» **Exercise brief**
When you find the line with "- cardboard box [1293,244,1420,398]" among the records below, reproduce it and each line after it exactly, ending with the line with "0.313), (-8, 67, -2))".

» **Input for this task**
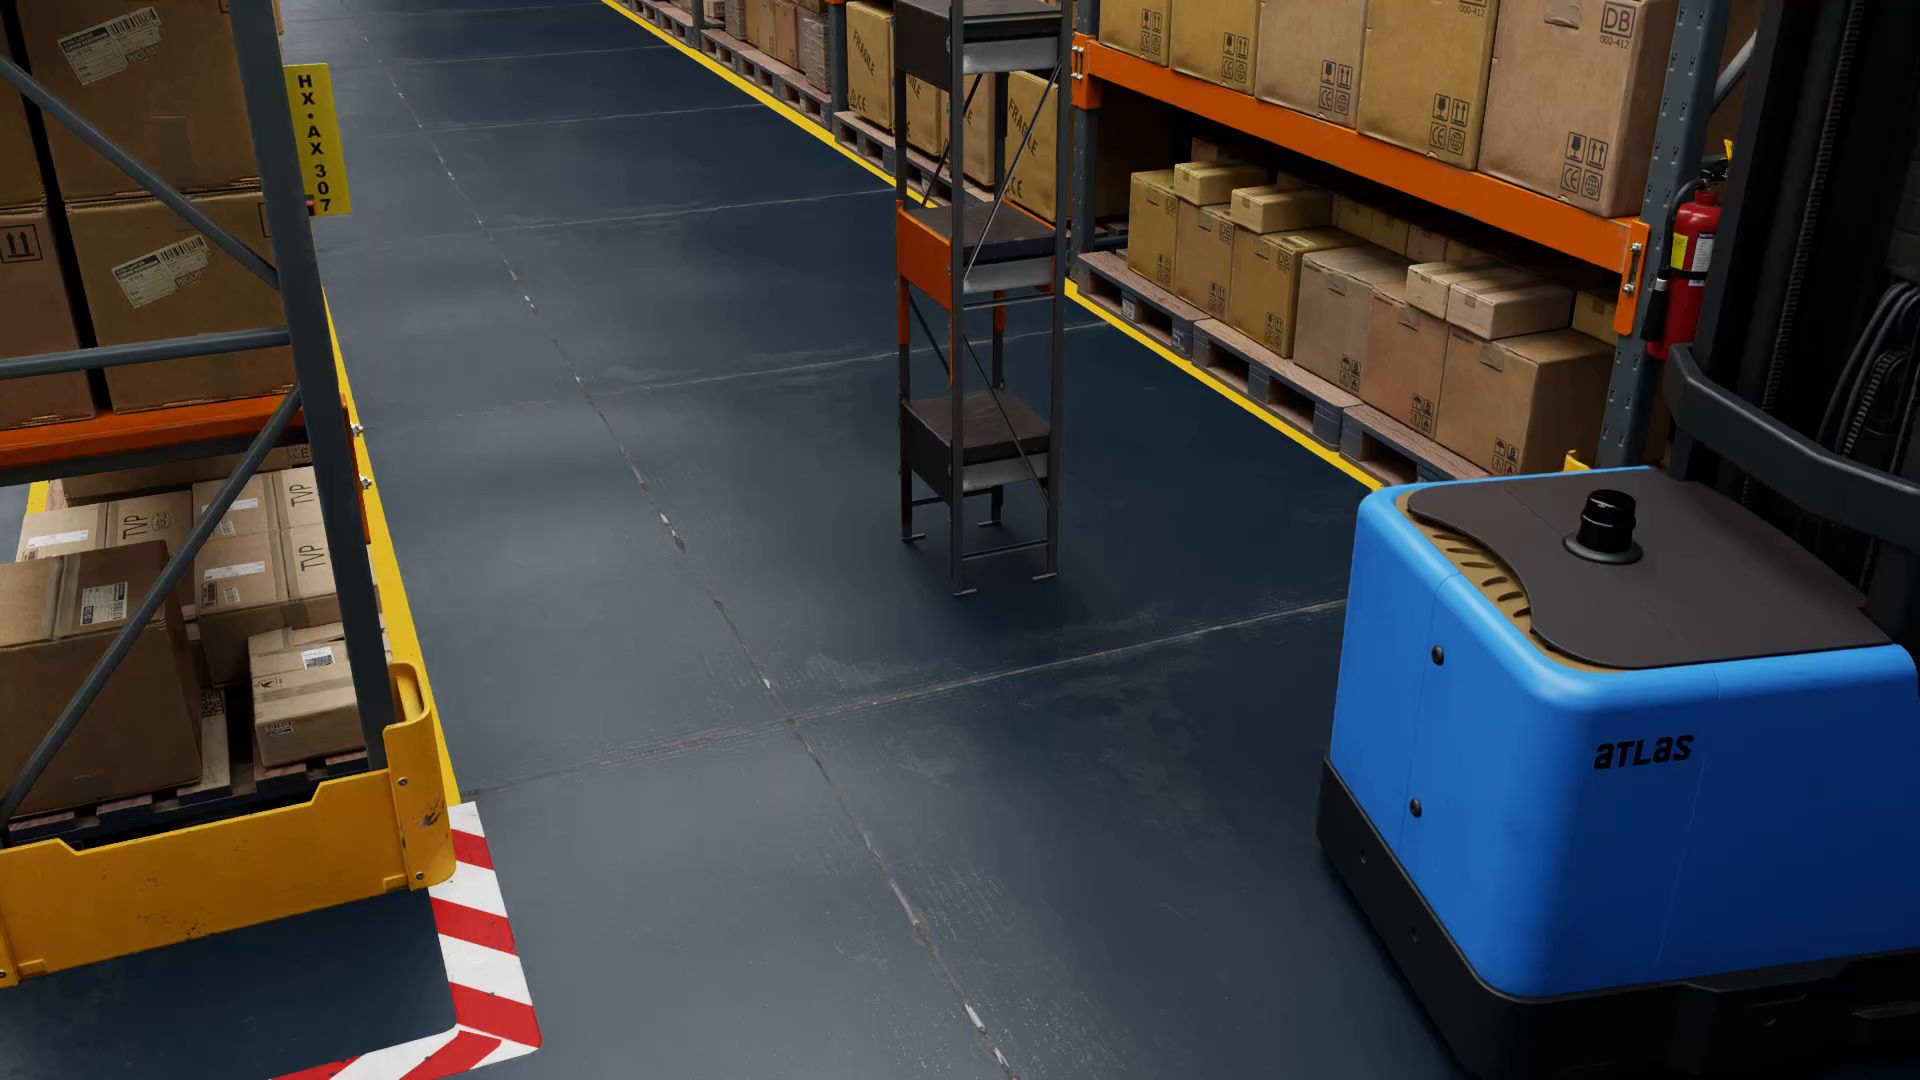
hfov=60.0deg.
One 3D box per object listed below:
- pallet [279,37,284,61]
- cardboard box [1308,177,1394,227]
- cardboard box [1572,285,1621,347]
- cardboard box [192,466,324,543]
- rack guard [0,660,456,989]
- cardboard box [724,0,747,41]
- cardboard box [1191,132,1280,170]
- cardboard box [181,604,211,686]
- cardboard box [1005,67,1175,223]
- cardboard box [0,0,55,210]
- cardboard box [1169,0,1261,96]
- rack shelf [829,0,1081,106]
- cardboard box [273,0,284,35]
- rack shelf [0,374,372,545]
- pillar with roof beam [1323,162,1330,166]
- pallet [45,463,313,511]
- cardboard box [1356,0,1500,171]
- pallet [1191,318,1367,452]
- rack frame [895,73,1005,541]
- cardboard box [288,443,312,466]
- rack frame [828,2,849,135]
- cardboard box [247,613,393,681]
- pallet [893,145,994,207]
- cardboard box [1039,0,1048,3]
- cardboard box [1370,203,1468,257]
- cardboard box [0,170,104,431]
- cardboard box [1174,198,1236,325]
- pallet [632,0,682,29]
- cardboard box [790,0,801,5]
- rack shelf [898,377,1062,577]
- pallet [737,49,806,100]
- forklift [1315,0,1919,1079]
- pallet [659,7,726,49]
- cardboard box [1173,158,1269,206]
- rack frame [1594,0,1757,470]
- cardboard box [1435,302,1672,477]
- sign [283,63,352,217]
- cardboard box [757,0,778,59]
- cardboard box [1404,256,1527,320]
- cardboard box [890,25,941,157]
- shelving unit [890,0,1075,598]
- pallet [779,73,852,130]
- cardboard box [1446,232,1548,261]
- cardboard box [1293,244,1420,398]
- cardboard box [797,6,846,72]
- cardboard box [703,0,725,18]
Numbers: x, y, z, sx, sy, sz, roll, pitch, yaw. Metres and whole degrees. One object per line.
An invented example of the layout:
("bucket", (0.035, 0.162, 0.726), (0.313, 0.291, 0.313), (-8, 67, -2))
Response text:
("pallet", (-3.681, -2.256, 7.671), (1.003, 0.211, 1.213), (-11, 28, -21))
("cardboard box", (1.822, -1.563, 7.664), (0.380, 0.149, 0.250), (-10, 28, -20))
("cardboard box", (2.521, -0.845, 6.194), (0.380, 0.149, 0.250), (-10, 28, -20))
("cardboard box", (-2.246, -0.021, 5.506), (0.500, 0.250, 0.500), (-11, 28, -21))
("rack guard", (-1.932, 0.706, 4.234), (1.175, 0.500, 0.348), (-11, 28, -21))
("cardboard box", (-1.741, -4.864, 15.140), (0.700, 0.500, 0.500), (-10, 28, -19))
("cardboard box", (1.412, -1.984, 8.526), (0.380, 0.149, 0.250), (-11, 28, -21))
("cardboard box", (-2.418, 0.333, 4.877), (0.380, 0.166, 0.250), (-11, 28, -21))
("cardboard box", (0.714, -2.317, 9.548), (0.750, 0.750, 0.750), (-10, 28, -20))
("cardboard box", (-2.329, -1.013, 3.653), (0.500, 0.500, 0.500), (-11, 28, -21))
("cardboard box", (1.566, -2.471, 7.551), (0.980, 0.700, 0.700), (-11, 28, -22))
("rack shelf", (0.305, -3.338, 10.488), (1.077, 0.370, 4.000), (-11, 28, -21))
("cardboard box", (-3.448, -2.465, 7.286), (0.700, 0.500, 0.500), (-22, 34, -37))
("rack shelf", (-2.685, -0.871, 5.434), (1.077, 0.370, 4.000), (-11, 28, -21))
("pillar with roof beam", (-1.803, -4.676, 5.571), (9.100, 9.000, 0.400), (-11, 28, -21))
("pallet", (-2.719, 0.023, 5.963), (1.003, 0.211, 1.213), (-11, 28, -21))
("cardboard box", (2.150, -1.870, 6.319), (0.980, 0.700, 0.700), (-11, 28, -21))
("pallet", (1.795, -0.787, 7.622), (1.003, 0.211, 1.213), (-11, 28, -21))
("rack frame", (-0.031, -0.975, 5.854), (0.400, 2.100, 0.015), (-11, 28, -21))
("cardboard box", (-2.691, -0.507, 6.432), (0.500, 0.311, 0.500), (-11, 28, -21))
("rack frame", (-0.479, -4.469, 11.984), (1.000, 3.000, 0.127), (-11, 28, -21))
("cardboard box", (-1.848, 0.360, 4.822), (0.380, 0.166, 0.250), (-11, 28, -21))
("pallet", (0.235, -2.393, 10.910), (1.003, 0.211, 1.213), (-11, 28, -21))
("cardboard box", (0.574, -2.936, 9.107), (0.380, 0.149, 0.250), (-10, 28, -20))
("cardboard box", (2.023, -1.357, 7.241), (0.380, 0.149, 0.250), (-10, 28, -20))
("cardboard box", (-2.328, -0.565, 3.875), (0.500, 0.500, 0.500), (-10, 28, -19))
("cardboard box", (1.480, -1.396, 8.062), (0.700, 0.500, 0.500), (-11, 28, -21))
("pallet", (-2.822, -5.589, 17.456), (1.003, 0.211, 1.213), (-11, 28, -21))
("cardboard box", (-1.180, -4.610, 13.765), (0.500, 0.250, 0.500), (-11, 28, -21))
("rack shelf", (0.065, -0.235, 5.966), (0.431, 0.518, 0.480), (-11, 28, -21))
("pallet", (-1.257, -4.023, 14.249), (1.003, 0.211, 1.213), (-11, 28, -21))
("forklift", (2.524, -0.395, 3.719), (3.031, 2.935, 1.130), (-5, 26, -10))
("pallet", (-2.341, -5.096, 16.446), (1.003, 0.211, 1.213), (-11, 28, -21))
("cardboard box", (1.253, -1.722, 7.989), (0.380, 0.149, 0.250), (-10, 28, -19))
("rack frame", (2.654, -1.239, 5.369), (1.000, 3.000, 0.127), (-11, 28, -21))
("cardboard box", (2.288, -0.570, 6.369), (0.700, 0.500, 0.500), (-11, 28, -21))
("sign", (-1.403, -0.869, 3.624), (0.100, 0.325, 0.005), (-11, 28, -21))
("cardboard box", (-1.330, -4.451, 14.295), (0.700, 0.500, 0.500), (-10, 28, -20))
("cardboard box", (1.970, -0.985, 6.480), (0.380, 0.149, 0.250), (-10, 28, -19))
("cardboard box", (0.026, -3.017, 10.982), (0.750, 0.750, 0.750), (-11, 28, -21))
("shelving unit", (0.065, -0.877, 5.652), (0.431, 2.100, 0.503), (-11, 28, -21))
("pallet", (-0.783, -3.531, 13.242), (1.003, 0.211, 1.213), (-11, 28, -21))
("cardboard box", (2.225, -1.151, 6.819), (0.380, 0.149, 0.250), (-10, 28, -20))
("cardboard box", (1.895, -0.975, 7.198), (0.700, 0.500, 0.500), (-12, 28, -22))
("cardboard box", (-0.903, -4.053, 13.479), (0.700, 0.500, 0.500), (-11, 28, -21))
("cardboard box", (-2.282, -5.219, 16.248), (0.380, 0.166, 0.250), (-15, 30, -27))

» **Result of the exercise**
- cardboard box [1293,244,1420,398]
- cardboard box [797,6,846,72]
- cardboard box [703,0,725,18]
Numbers: x, y, z, sx, sy, sz, roll, pitch, yaw. Metres and whole degrees. One object per line.
An invented example of the layout:
("bucket", (0.035, 0.162, 0.726), (0.313, 0.291, 0.313), (-8, 67, -2))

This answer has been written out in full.